Hello
I have a question about filter behaviour and block processing.
I have a signal x[k]=s[k]+n[k] where s is clean speech and n is
colored, gaussian noise.
In the algorithm I am working on I do block processing. Each block
xb[j]=(x[1+L*j],x[2+L*j],.....,x[L+L*j])
where xb[j] is the j'th block-input is sent thru 2 filters A and B.
The filter-coefficients of A and B vary for each block according to
some analysis
I perform (autocorrelation, spectral analysis etc.).
In the noiseless case where x[k]=s[k] I expect the output of the
algorithm to be
as close to s[k] as possible if not equal.
Furthermore, if x[k]=s[k] then the time-varying filter B will be the
inverse
of A for any block j.
My question is then:
Should I implement the filters A and B with filter-states (initial &
final conditions) ?
Or should I implement the filters A and B without filter-states?
I did some simulation in matlab which showed me that I would get a
better result
if I implemented the filters without filter-states.

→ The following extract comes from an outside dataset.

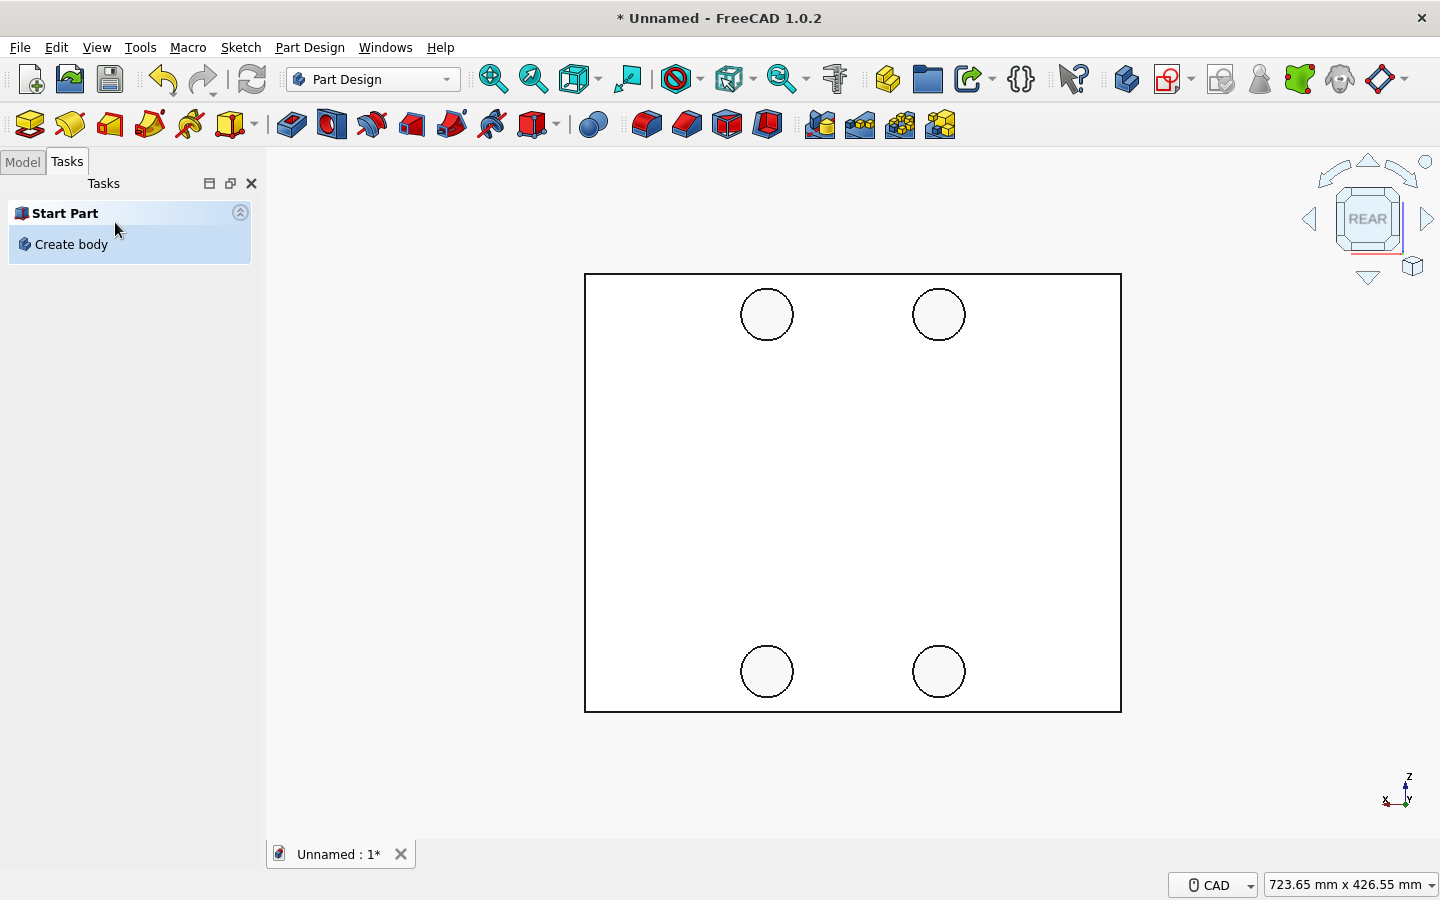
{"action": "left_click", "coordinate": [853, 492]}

So I used the
syntax:
filter_output=filter(numerator filter coefficients,denominator
filter coefficients,block j)
instead of:
[filter_output, final_state]=filter(numerator filter
coefficients,denominator filter coefficients,block j, initial_state);
initial_state=final_state;
However, I lack the theoretical basis and a good explanation for
choosing to implement the
filters without filter-states. So I was hoping that somebody in this
forum could help me?
Btw, filter A is a whitening filter and filter B is a "vocal-tract"
filter.
Thanks in advance...